Apakah seorang author boleh mencurahkan perasaan tulisannya? Tulisan ini tidak panjang, maka tidak Saya masukkan ke dalam cerita. Belum.
Sebenarnya, belakangan ini saya sangat merindukan satu sosok. Dalam ingatan saya, dia selalu membantu setiap Kali saya ada dalam kesulitan. Hal ini bukan berarti dia adalah tokoh yang baik. Kadang dia membuat saya Ada dalam masalah. Kadang dia juga mengobrak-abrik perasaan.
Tapi belakangan ini saya sangat merindukan dia. Karena dia adalah orang yg selalu membantu Saya berdiri. Hampir 2kali patah hati dengan orang yg berbeda dia ada menemani saya.
Pada akhirnya hanya dialah orang yang bertanya "Apa kamu baik-baik saja?"
Saya pernah meninggalkan dia dan memilih orang lain. Saat it dia bertanya, "Apa kamu yakin? Aku tidak mau kamu sakit lagi". Dengan yakin Saya menjawab kalau Saya akan baik-baik saja. Tapi pada akhirnya saya terluka lagi, bahkan lebih parah.
Lagi-lagi, ketika berhadapan dengannya yang dia tanyakan pertama kali "Apa kamu baik-baik saja?" Saya tidak menjawab karena awalnya sayalah yg meninggalkannya. Tapi saya yakin dia tahu jawabannya, karena dia sangat mengenal saya.
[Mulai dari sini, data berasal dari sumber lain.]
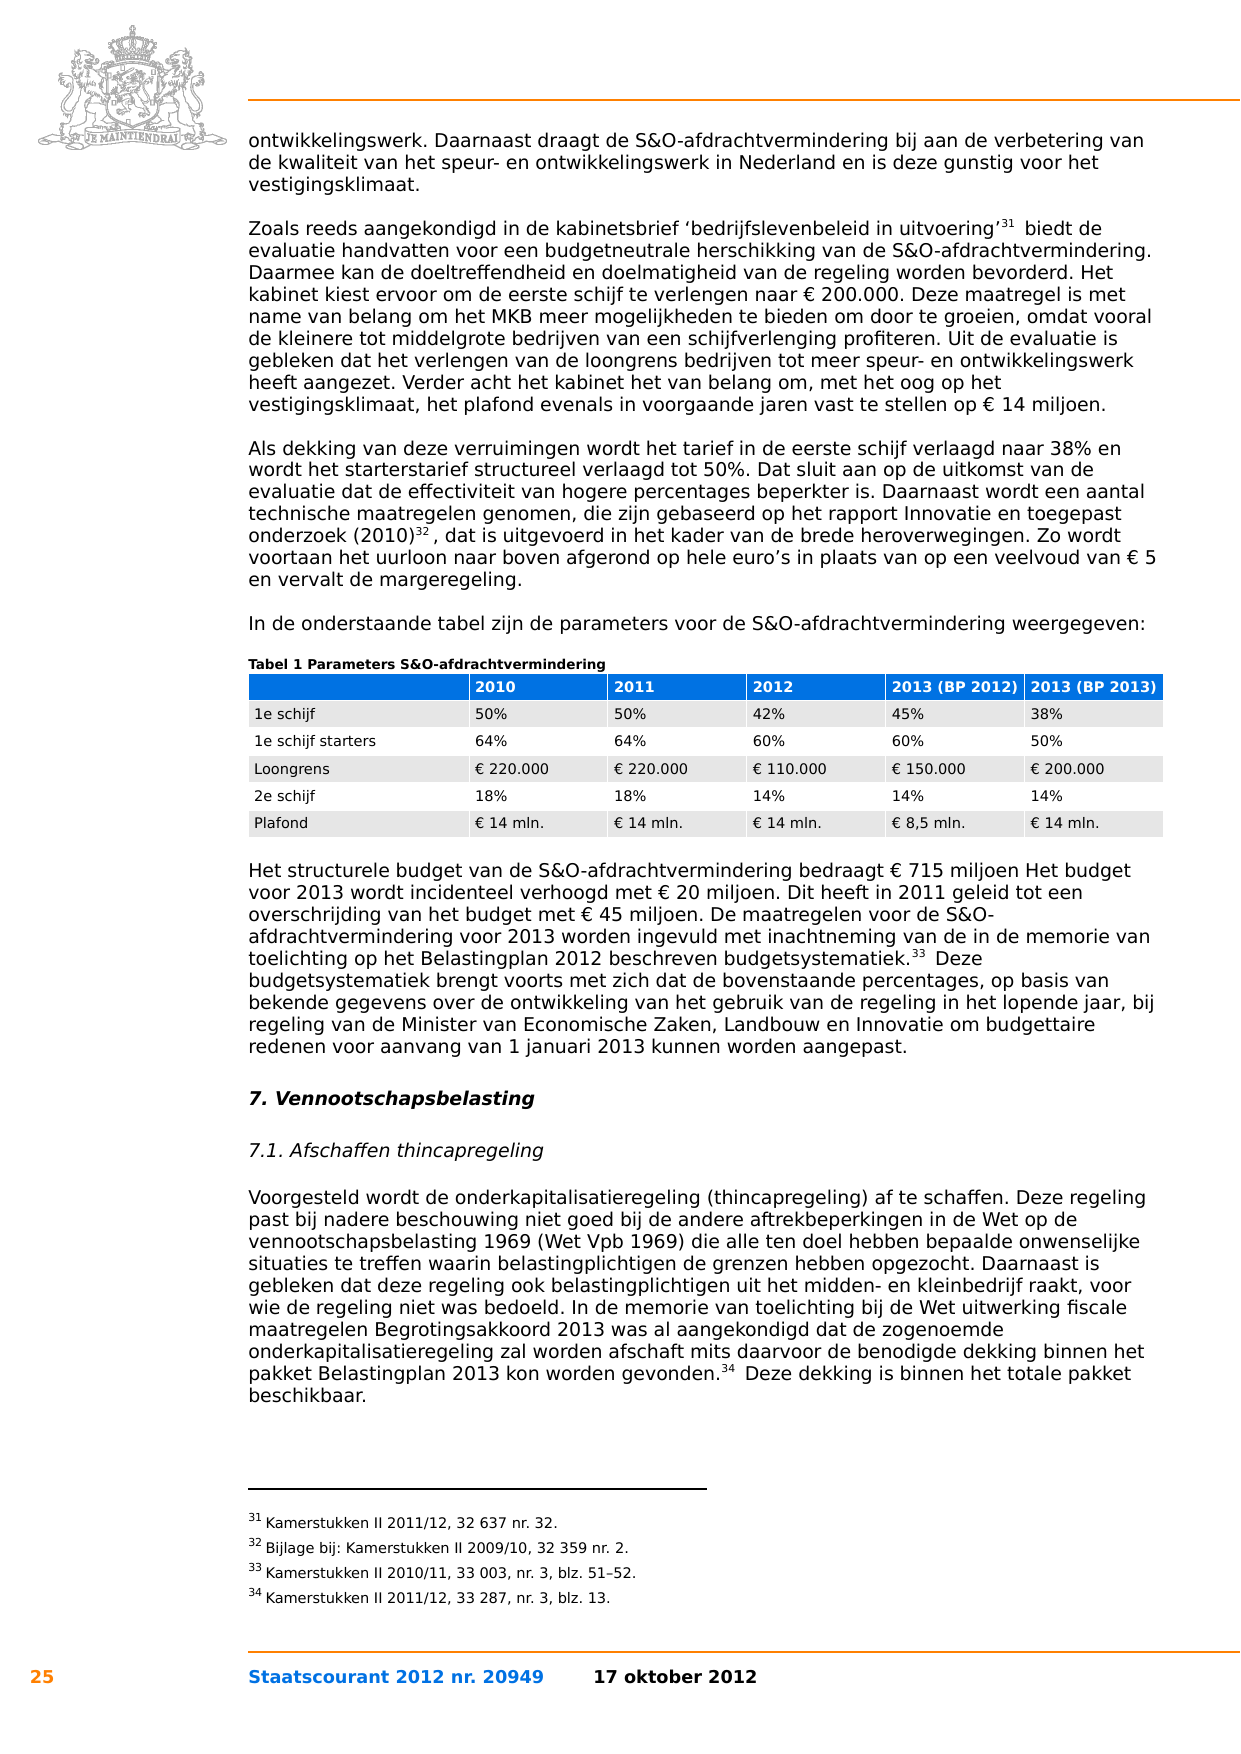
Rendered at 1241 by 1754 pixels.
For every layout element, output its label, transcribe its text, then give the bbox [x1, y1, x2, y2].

Dia membantu proses recovery saya untuk yg kedua Kali meski Kali ini saya menarik batas.
Pada akhirnya, saya tidak bisa menahan kepergiannya dan harus kehilangan sosok itu.
Sampai saat ini tak habis pikir, kenapa ada orang seperti itu. Sangat sabar, tak pernah menaikkan suara. Bahkan ketika memarahi Saya pun dia punya cara yang sangat akurat. Tanpa menaikkan suara dia bisa membuat saya mendengarkan dia. Kenapa bisa Ada orang seperti itu, saya masih saja heran.
Karena sosok itu sudah menghilang, tidak Ada lagi yang bertanya "Apa kamu baik-baik saja?"
Rasa kehilangan yg teramat sangat, serta hal-hal yg terjadi diluar kendali saya, hal-hal menyesakkan ini, membuat saya ingin menjawab "Tidak, aku tidak baik-baik saja,"
Tapi saya lupa, tidak ada yg bertanya.